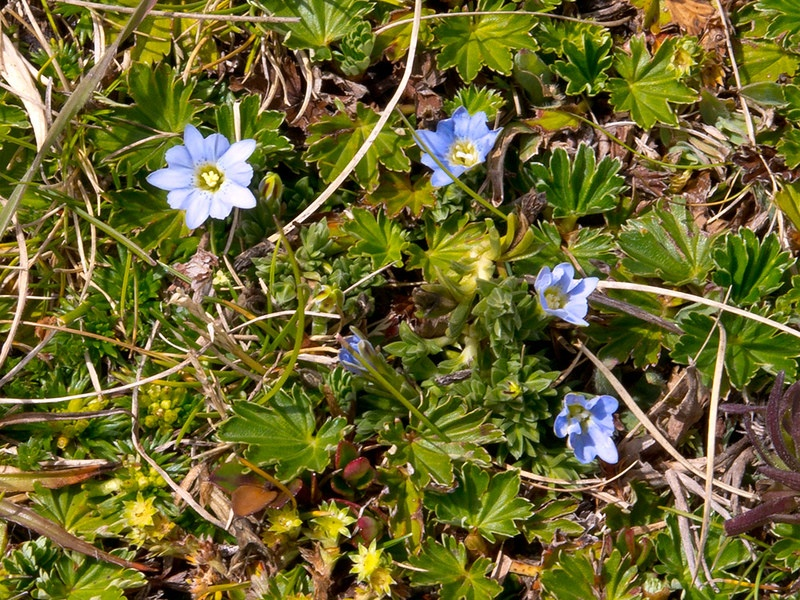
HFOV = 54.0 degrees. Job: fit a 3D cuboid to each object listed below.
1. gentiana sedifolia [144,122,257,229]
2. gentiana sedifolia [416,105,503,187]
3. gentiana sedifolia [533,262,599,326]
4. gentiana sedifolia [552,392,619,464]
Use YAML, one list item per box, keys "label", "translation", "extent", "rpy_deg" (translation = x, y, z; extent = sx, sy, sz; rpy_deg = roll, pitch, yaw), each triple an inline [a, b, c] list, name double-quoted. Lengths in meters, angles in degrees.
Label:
- label: "gentiana sedifolia"
  translation: [-0.695, -0.442, 2.740]
  extent: [0.375, 0.083, 0.356]
  rpy_deg: [-4, 83, 0]
- label: "gentiana sedifolia"
  translation: [0.251, -0.613, 2.863]
  extent: [0.246, 0.277, 0.153]
  rpy_deg: [5, 91, 22]
- label: "gentiana sedifolia"
  translation: [0.551, -0.028, 2.604]
  extent: [0.186, 0.090, 0.227]
  rpy_deg: [-12, 92, -21]
- label: "gentiana sedifolia"
  translation: [0.619, 0.431, 2.628]
  extent: [0.209, 0.093, 0.226]
  rpy_deg: [2, 83, 1]
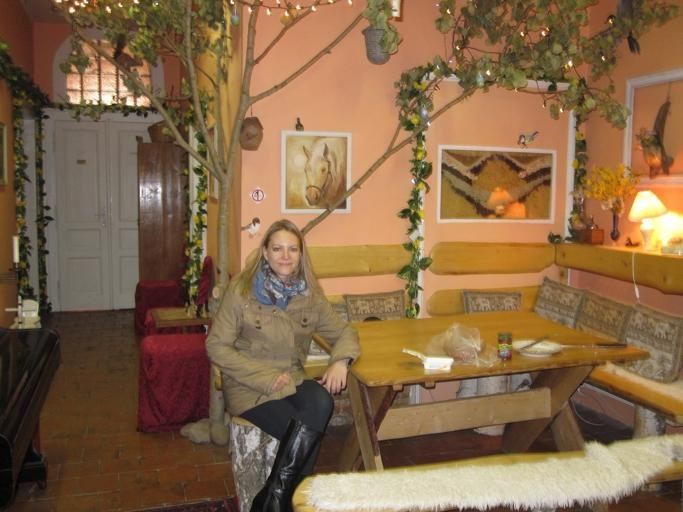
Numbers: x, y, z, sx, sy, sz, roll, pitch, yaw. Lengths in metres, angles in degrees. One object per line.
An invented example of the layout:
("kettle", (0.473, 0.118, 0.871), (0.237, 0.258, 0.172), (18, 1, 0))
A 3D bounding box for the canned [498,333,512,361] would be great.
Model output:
("canned", (0.953, 0.519, 3.006), (0.077, 0.143, 0.143), (4, 8, 18))

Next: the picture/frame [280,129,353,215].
("picture/frame", (-0.247, -0.735, 4.479), (0.734, 0.901, 0.055), (0, 2, -21))

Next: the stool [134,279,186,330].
("stool", (-2.413, 0.677, 6.864), (0.634, 0.586, 0.642), (-1, 2, -22))

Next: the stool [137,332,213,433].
("stool", (-1.372, 1.024, 4.184), (0.650, 0.712, 0.306), (-2, -4, -11))
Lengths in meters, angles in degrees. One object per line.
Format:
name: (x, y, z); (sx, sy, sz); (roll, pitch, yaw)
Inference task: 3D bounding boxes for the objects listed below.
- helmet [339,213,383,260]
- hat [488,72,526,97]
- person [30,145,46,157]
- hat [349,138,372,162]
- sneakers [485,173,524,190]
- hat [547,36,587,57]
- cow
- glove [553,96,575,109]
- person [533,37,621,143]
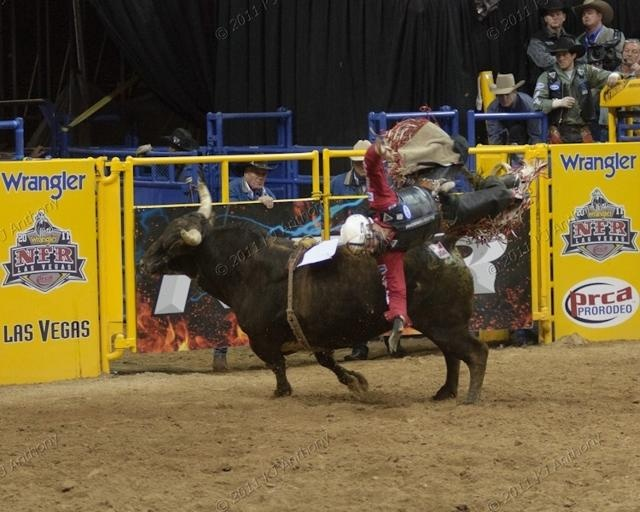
helmet: (0.354, -0.178, 9.536); (0.341, 0.322, 0.332); (-3, -1, -5)
hat: (2.378, -2.188, 14.422); (0.326, 0.265, 0.438); (-3, -1, 27)
person: (-4.665, -1.723, 18.767); (0.236, 0.197, 1.028); (-3, -1, -13)
hat: (0.445, -1.156, 12.326); (0.325, 0.304, 0.116); (4, -47, 4)
sneakers: (1.578, -0.641, 9.672); (0.243, 0.068, 0.139); (0, -2, -9)
hat: (3.029, -2.610, 13.945); (0.411, 0.115, 0.337); (0, 0, 17)
cow: (-0.040, 0.355, 10.383); (3.426, 1.639, 1.085); (2, -3, 17)
glove: (2.973, -1.870, 13.794); (0.267, 0.140, 0.207); (-3, -1, 9)
person: (3.072, -2.048, 13.958); (0.863, 1.281, 0.488); (-3, -1, -17)
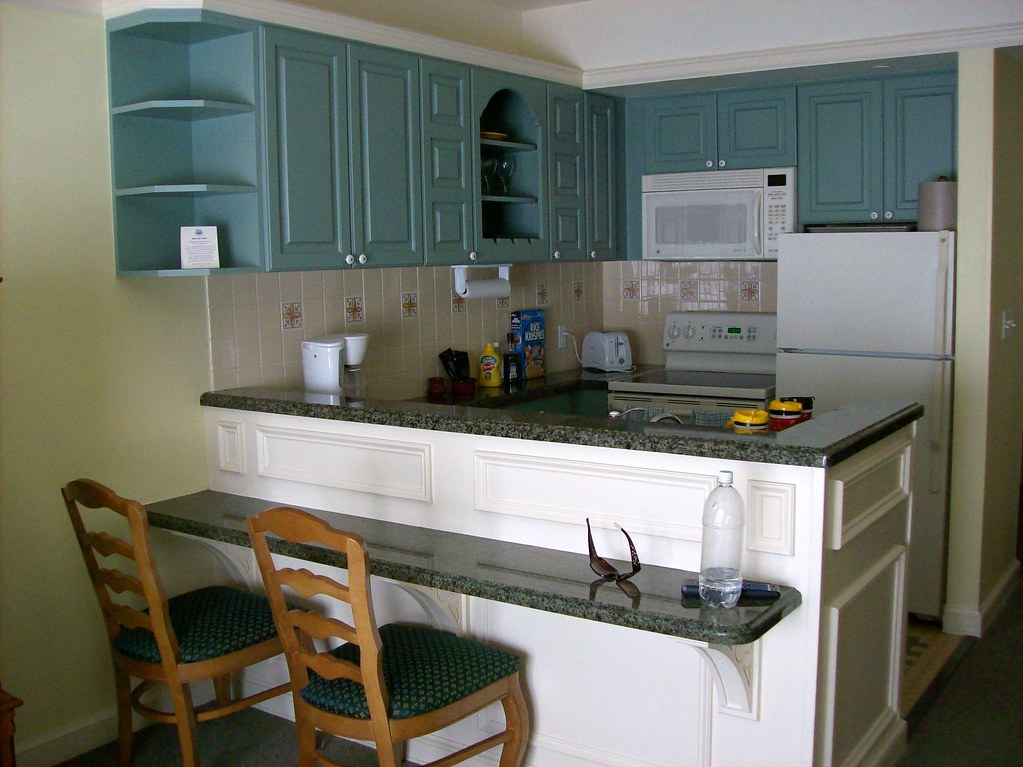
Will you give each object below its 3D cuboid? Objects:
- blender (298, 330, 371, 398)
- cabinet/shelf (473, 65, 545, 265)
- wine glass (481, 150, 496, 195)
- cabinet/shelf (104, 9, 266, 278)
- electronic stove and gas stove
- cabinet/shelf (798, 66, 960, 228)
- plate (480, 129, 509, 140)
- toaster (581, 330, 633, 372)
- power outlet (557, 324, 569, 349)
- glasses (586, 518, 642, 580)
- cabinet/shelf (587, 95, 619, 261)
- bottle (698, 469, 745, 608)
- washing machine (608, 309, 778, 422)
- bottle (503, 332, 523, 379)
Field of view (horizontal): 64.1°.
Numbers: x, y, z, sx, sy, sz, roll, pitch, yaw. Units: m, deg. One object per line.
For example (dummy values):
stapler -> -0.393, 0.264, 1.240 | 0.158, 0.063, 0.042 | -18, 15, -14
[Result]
blender -> -0.777, -0.066, 3.626 | 0.287, 0.285, 0.278 | -7, 10, -29
cabinet/shelf -> 0.007, -1.079, 4.141 | 0.356, 0.927, 0.504 | -2, 8, 4
wine glass -> -0.110, -1.081, 4.192 | 0.082, 0.225, 0.184 | -2, 9, 1
cabinet/shelf -> -1.235, -0.889, 3.085 | 0.502, 0.944, 0.367 | 3, 10, 30
electronic stove and gas stove -> 1.076, -0.157, 4.629 | 0.614, 0.411, 0.662 | 4, 8, 34
cabinet/shelf -> 1.940, -1.193, 4.366 | 0.828, 0.748, 0.325 | 0, -4, 9
plate -> -0.082, -1.230, 4.083 | 0.083, 0.050, 0.272 | 1, 9, 19
toaster -> 0.586, -0.209, 5.042 | 0.253, 0.229, 0.240 | 5, 9, 42
power outlet -> 0.313, -0.283, 5.011 | 0.033, 0.143, 0.101 | 3, 10, 33
glasses -> 0.300, 0.493, 2.426 | 0.138, 0.166, 0.048 | -23, -13, 40
cabinet/shelf -> 0.510, -1.161, 4.686 | 0.086, 0.923, 0.339 | 6, 14, 35
bottle -> 0.584, 0.416, 2.276 | 0.112, 0.366, 0.215 | 0, 9, 17
washing machine -> 1.064, -0.079, 4.647 | 0.698, 0.787, 0.749 | 3, 4, 38
bottle -> 0.009, -0.142, 4.593 | 0.103, 0.268, 0.194 | -2, 9, 3
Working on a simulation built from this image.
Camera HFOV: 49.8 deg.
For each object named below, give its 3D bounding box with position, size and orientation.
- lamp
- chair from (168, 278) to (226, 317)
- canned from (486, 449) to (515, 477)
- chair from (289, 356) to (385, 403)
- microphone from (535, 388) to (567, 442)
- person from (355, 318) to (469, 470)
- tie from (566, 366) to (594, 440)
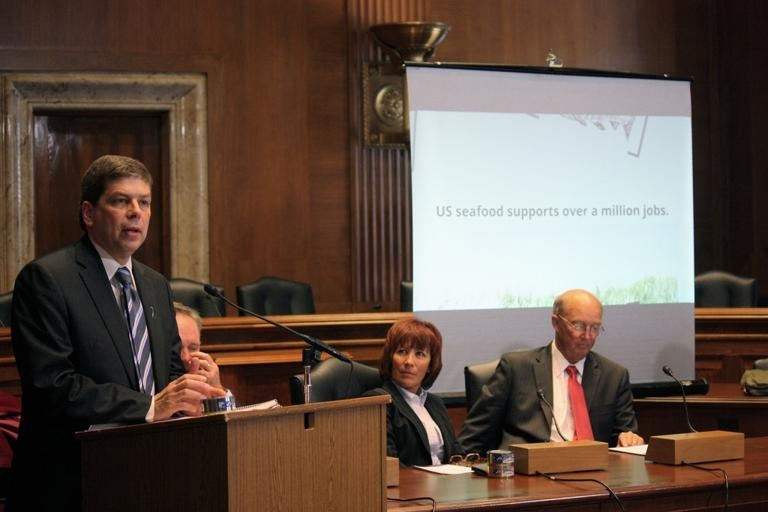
[{"bbox_3d":[0.150,-1.627,7.879,0.776,1.181,0.414,-3,-1,43],"label":"lamp"},{"bbox_3d":[-1.264,0.288,5.547,0.246,0.365,0.273,3,-9,-34],"label":"chair"},{"bbox_3d":[0.535,0.950,3.808,0.105,0.104,0.108,4,-7,-43],"label":"canned"},{"bbox_3d":[-0.242,0.659,4.336,0.289,0.402,0.310,2,-10,-42],"label":"chair"},{"bbox_3d":[0.870,0.838,4.291,0.149,0.282,0.363,-2,-1,10],"label":"microphone"},{"bbox_3d":[0.151,0.814,4.334,0.560,0.913,0.468,16,-33,-33],"label":"person"},{"bbox_3d":[1.053,0.789,4.455,0.123,0.399,0.136,-2,0,7],"label":"tie"}]
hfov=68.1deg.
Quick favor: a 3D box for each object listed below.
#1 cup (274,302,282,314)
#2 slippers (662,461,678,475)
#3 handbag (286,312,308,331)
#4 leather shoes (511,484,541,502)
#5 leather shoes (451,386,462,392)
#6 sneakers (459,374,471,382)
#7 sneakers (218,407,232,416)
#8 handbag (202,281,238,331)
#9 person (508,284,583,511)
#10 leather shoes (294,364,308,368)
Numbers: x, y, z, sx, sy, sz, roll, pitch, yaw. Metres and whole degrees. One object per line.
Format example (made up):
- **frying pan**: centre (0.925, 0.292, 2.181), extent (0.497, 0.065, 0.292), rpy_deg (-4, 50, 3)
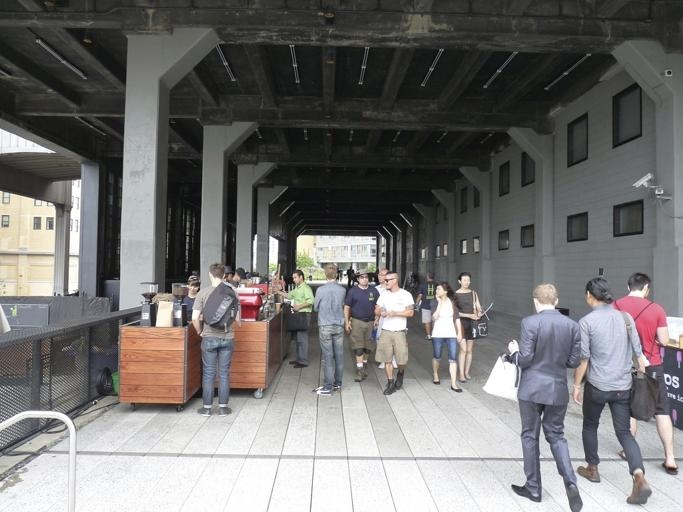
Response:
- **cup**: centre (-1.247, 1.014, 9.944), extent (0.128, 0.175, 0.131), rpy_deg (-3, -6, 0)
- **slippers**: centre (3.976, 2.565, 6.130), extent (0.174, 0.120, 0.149), rpy_deg (5, 7, 36)
- **handbag**: centre (-0.872, 1.308, 10.082), extent (0.563, 0.336, 0.430), rpy_deg (1, -5, 4)
- **leather shoes**: centre (2.051, 2.670, 5.683), extent (0.109, 0.131, 0.310), rpy_deg (-3, 16, -41)
- **leather shoes**: centre (1.991, 2.284, 8.702), extent (0.185, 0.072, 0.174), rpy_deg (-1, 6, -18)
- **sneakers**: centre (2.262, 2.266, 9.291), extent (0.076, 0.111, 0.261), rpy_deg (-1, -19, -3)
- **sneakers**: centre (-1.736, 2.296, 7.552), extent (0.098, 0.145, 0.211), rpy_deg (7, 8, 18)
- **handbag**: centre (-1.911, 0.814, 7.614), extent (0.453, 0.859, 0.625), rpy_deg (12, -19, -17)
- **person**: centre (2.282, 1.536, 5.632), extent (0.801, 2.391, 0.456), rpy_deg (4, 6, 28)
- **leather shoes**: centre (-0.821, 2.187, 10.132), extent (0.222, 0.091, 0.081), rpy_deg (7, -12, -12)
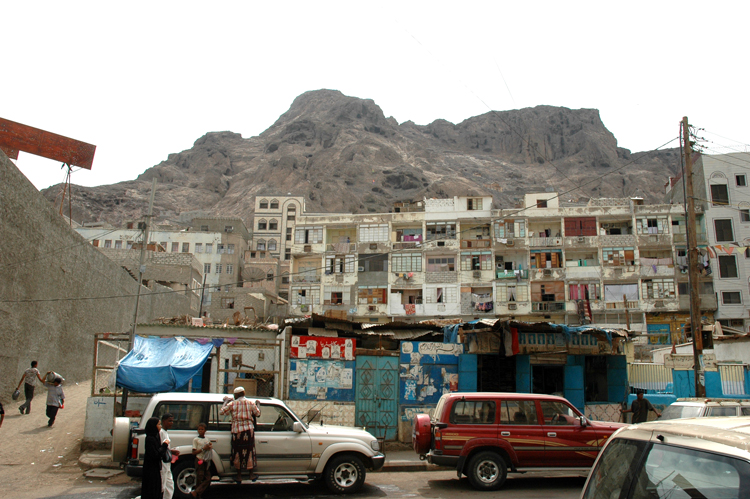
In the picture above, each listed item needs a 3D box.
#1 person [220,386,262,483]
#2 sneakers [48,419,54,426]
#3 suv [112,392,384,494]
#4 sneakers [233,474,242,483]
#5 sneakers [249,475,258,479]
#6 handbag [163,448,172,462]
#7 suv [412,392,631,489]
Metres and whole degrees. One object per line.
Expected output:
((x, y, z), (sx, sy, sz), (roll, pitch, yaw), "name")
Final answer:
((-3.498, 4.819, 17.603), (0.914, 2.373, 0.480), (2, -13, -10), "person")
((-11.511, 6.186, 24.083), (0.170, 0.200, 0.284), (6, -13, -25), "sneakers")
((-3.214, 5.243, 18.941), (7.733, 2.519, 2.788), (0, -6, -10), "suv")
((-3.543, 5.887, 17.452), (0.214, 0.277, 0.196), (-2, -12, 9), "sneakers")
((-3.150, 5.901, 17.563), (0.087, 0.192, 0.224), (-7, -14, 27), "sneakers")
((-4.867, 4.812, 15.824), (0.199, 0.330, 0.349), (-2, -8, -11), "handbag")
((3.996, 5.331, 19.488), (5.684, 1.933, 2.422), (-1, -7, -4), "suv")
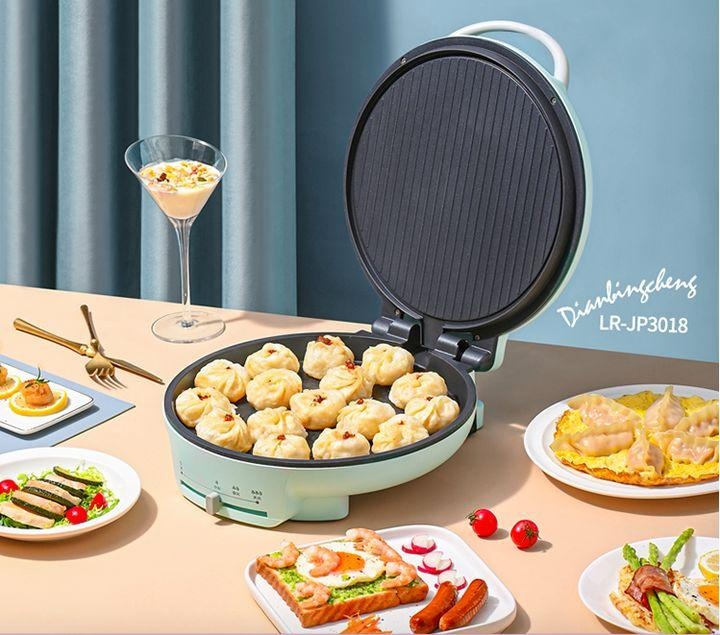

**What you have to do**
Reproduce the records above from their first line to the line bearing "4. gentiana sedifolia [552,392,619,464]", both ends included, leaving every picture out.

**Solved problem**
HFOV = 54.0 degrees. Job: fit a 3D cuboid to each object listed below.
1. gentiana sedifolia [144,122,257,229]
2. gentiana sedifolia [416,105,503,187]
3. gentiana sedifolia [533,262,599,326]
4. gentiana sedifolia [552,392,619,464]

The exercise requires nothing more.